Numerous diagnostic techniques have been developed to detect transformer faults. For instance, Behkam et al. 4 employed frequency response traces in conjunction with artificial intelligence to identify and locate early-stage transformer defects. Thomas et al. 5 used Convolutional Neural Networks (CNNs) to determine the type, phase, and location of faults from current data. Li et al. 6 analyzed winding vibrations to evaluate structural integrity, while Wu et al. 7 utilized time-frequency spectrograms derived from raw vibration signals as inputs to a classifier. Other innovative approaches include Ghoneim et al., 8 who proposed a Whale Optimization Algorithm guided by an Adaptive Dynamic Polar Rose method and applied it to dissolved gas analysis (DGA), and Kumar et al., 9 who developed a smart sensor system to monitor silica-gel breather color changes under varying humidity. Sahri and Yusof 10 addressed missing data issues in DGA datasets by employing K-Nearest Neighbor imputation using both Euclidean and Cityblock metrics.
However, all of these techniques rely on contact-based sensors, which may introduce measurement distortions and affect the reliability of the classification outcomes. 11
To overcome the limitations of contact-based methods, non-contact approaches such as infrared (IR) image analysis have gained prominence. This technique detects temperature variations; as electrical faults typically generate localized heating in transformer components. 12 Infrared thermography is widely used in industrial diagnostics and even medical imaging. One major advantage is its ability to detect early-stage anomalies before serious failures occur, thereby enhancing maintenance planning and reliability.
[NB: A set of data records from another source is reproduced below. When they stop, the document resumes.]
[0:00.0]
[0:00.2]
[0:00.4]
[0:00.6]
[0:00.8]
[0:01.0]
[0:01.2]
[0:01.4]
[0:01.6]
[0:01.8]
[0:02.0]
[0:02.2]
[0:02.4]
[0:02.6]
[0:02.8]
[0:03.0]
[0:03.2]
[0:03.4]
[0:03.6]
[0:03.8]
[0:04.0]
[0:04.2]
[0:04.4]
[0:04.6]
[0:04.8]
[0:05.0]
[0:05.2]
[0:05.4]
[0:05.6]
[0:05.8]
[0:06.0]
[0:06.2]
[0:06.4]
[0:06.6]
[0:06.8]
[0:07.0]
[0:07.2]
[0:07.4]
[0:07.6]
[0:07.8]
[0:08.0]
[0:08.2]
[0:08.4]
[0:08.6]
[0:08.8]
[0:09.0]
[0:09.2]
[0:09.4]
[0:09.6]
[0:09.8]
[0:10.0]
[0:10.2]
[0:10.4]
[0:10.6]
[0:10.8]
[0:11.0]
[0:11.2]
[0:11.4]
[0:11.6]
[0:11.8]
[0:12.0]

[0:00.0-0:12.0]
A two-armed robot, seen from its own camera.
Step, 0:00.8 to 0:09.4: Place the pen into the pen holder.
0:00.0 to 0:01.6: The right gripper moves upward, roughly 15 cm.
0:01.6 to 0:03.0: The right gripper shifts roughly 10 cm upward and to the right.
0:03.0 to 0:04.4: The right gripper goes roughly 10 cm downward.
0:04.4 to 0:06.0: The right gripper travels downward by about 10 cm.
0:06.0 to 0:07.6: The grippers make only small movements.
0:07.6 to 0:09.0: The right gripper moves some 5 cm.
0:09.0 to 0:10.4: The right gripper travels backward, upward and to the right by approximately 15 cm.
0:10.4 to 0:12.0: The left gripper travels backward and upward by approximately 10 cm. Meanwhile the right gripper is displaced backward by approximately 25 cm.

Several studies have investigated infrared-based diagnostic methods for transformers. dos Santos et al. 13 integrated temperature measurements from transformer oil with AI techniques, achieving an accuracy of 86% in fault detection. Balabantaraya et al. 14 introduced a modified VGG-16 model for thermal image-based diagnosis. Mahami et al. 15 combined infrared imaging with the GIST descriptor technique, although without feature selection. Fang et al. 16 tackled class imbalance by integrating Neighborhood Component Analysis (NCA) with KNN and Bayesian optimization for hyperparameter tuning.
Despite their promising results, these hybrid methods often increase computational complexity, limiting their feasibility for real-time deployment.
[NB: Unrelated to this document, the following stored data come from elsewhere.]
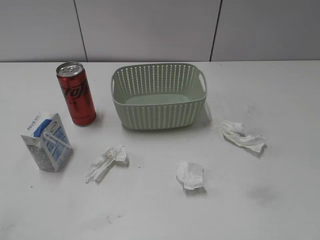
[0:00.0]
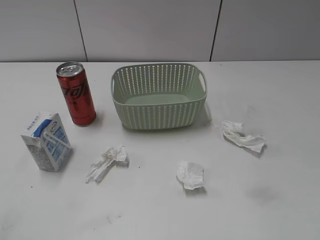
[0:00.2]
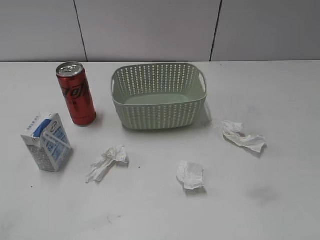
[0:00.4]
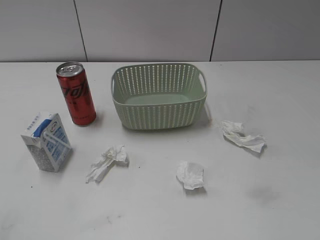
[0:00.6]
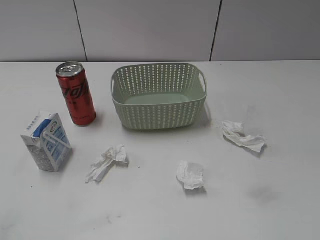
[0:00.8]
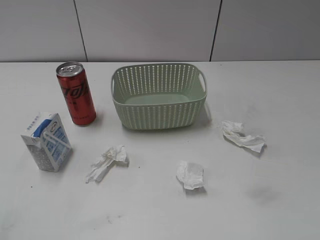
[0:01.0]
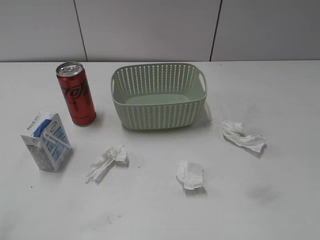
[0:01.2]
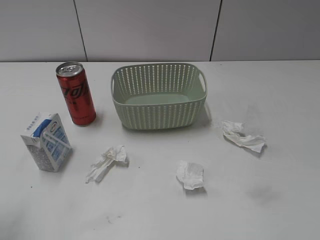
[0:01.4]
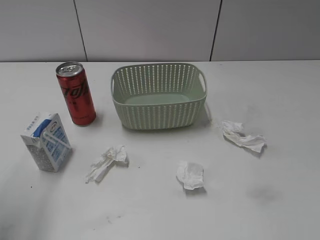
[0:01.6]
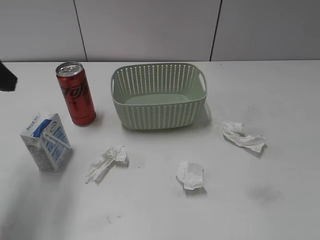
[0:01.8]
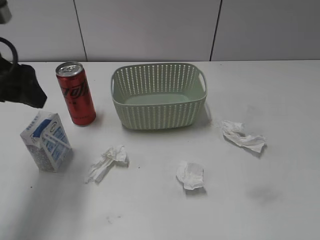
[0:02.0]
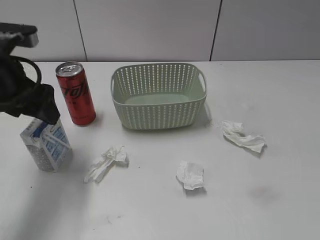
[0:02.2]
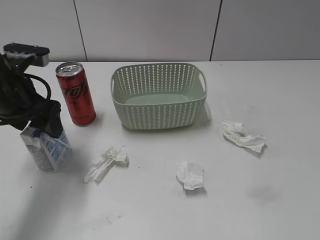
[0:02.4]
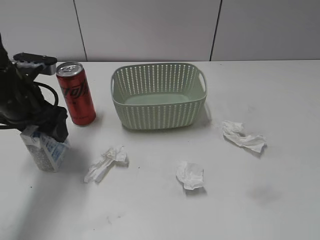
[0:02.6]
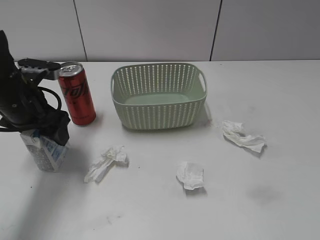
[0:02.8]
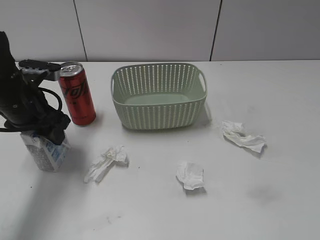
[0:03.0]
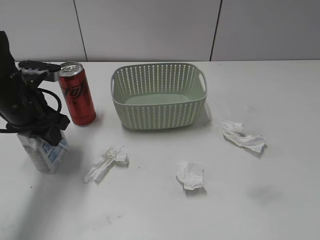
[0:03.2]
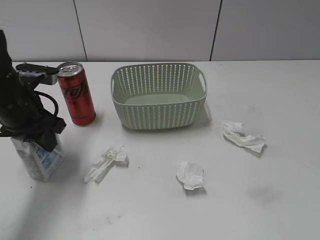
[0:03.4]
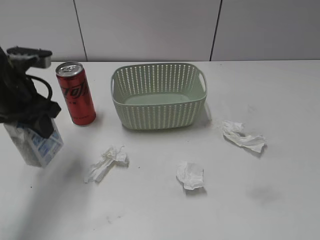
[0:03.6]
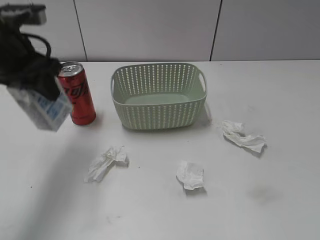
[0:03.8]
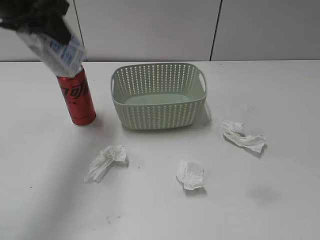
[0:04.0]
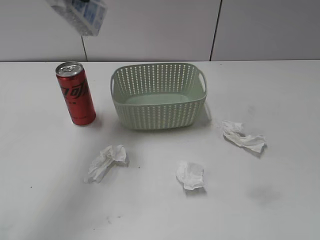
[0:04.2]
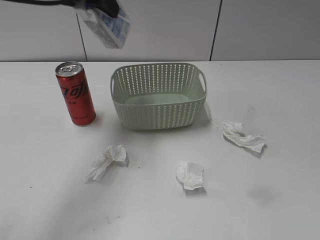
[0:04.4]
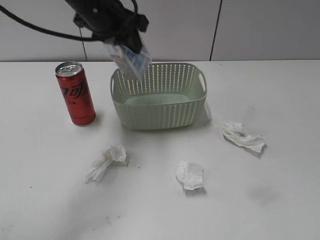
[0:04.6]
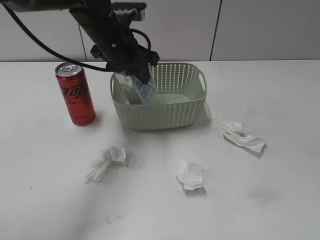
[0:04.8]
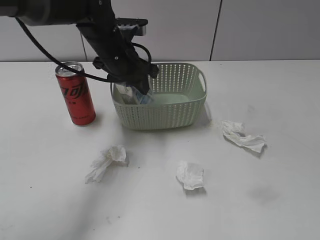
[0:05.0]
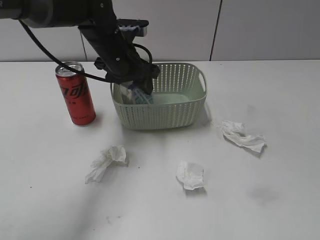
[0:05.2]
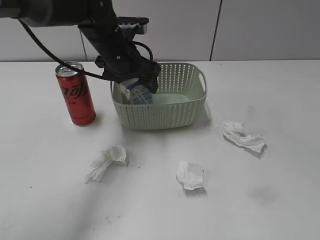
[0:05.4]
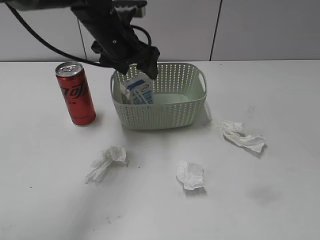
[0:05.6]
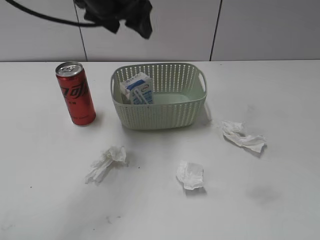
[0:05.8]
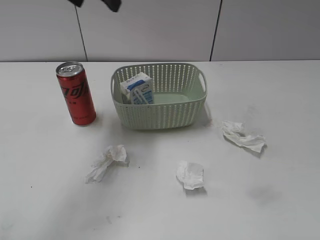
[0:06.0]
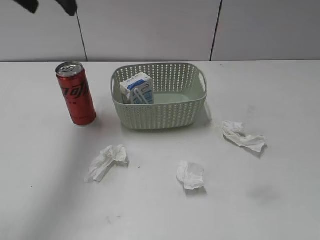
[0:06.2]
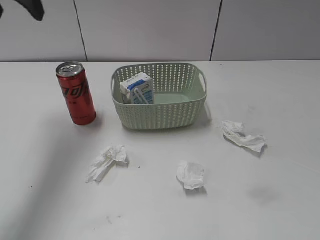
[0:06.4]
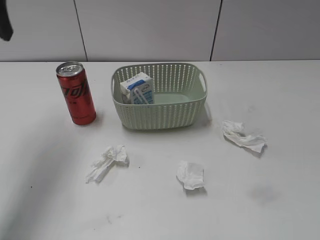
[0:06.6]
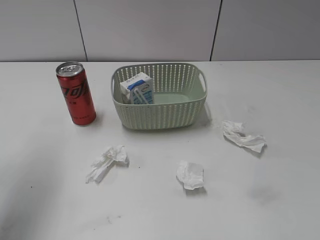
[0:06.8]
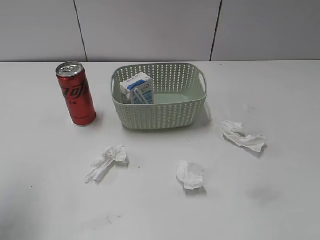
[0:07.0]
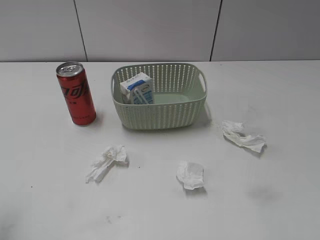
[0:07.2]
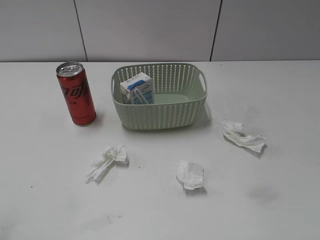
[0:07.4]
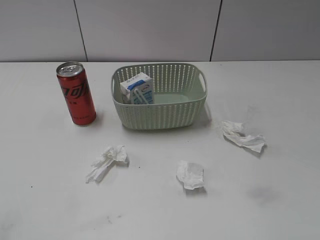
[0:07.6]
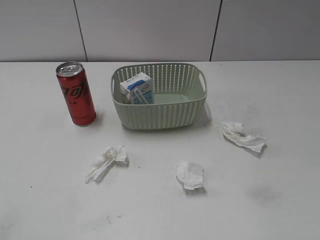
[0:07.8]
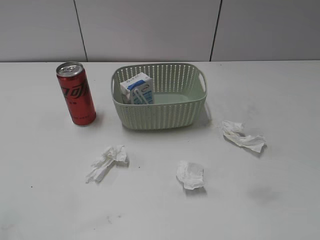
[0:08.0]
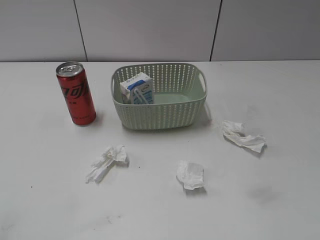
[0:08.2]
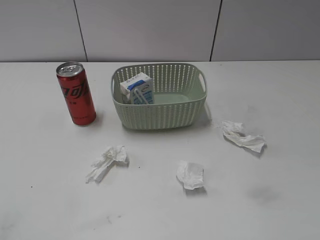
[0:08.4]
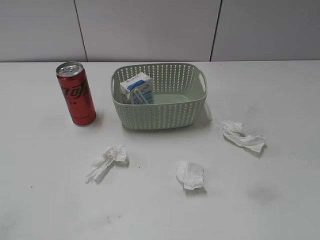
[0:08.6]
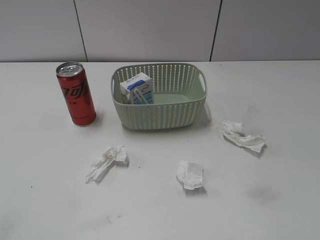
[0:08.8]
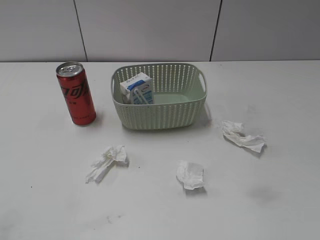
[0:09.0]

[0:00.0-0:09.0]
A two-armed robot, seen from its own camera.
Step, 0:01.8 to 0:03.2: Grasp the milk with left gripper.
Step, 0:03.4 to 0:05.6: Place the milk in the basket with left gripper.
0:01.6 to 0:03.0: The left gripper travels downward, forward and to the right by approximately 20 cm, and closes its fingers.
0:03.0 to 0:04.4: The left gripper goes some 20 cm upward, to the right and forward.
0:04.4 to 0:06.0: The left gripper moves roughly 15 cm downward and comes back, and opens its fingers.
0:06.0 to 0:07.6: The left gripper moves backward and to the left, roughly 35 cm.

In this study, we propose a simple yet effective method for transformer fault classification using only KNN and a small number of selected features, making it well-suited for online implementation. Our approach integrates feature extraction from infrared images with machine learning classification. We begin by analyzing the RGB channels separately to construct a large feature matrix. Since this extensive matrix may slow real-time processing, feature selection is applied to retain only the most relevant features.17,18 Ant Colony Optimization (ACO) is used for feature selection, followed by classification with the KNN algorithm.
The originality of our work lies in three key aspects. First, we introduce a unique feature extraction method by decomposing infrared images into three separate matrices (R, G, and B), setting the other channels to zero each time. Second, we combine this extraction technique with an optimization algorithm designed to maximize classification accuracy. Third, we identify a classifier that achieves high accuracy, exhibits good stability, and operates with a minimal feature set.
To validate our method, we tested it on a publicly available dataset containing infrared images of a transformer in eight fault conditions and one healthy state. Our results demonstrate that the proposed technique converges quickly and achieves high performance using only three features. We further compared our approach with other classifiers, including Support Vector Machine (SVM) and Decision Tree (DT). While DT performed well, it required nine features to achieve similar accuracy.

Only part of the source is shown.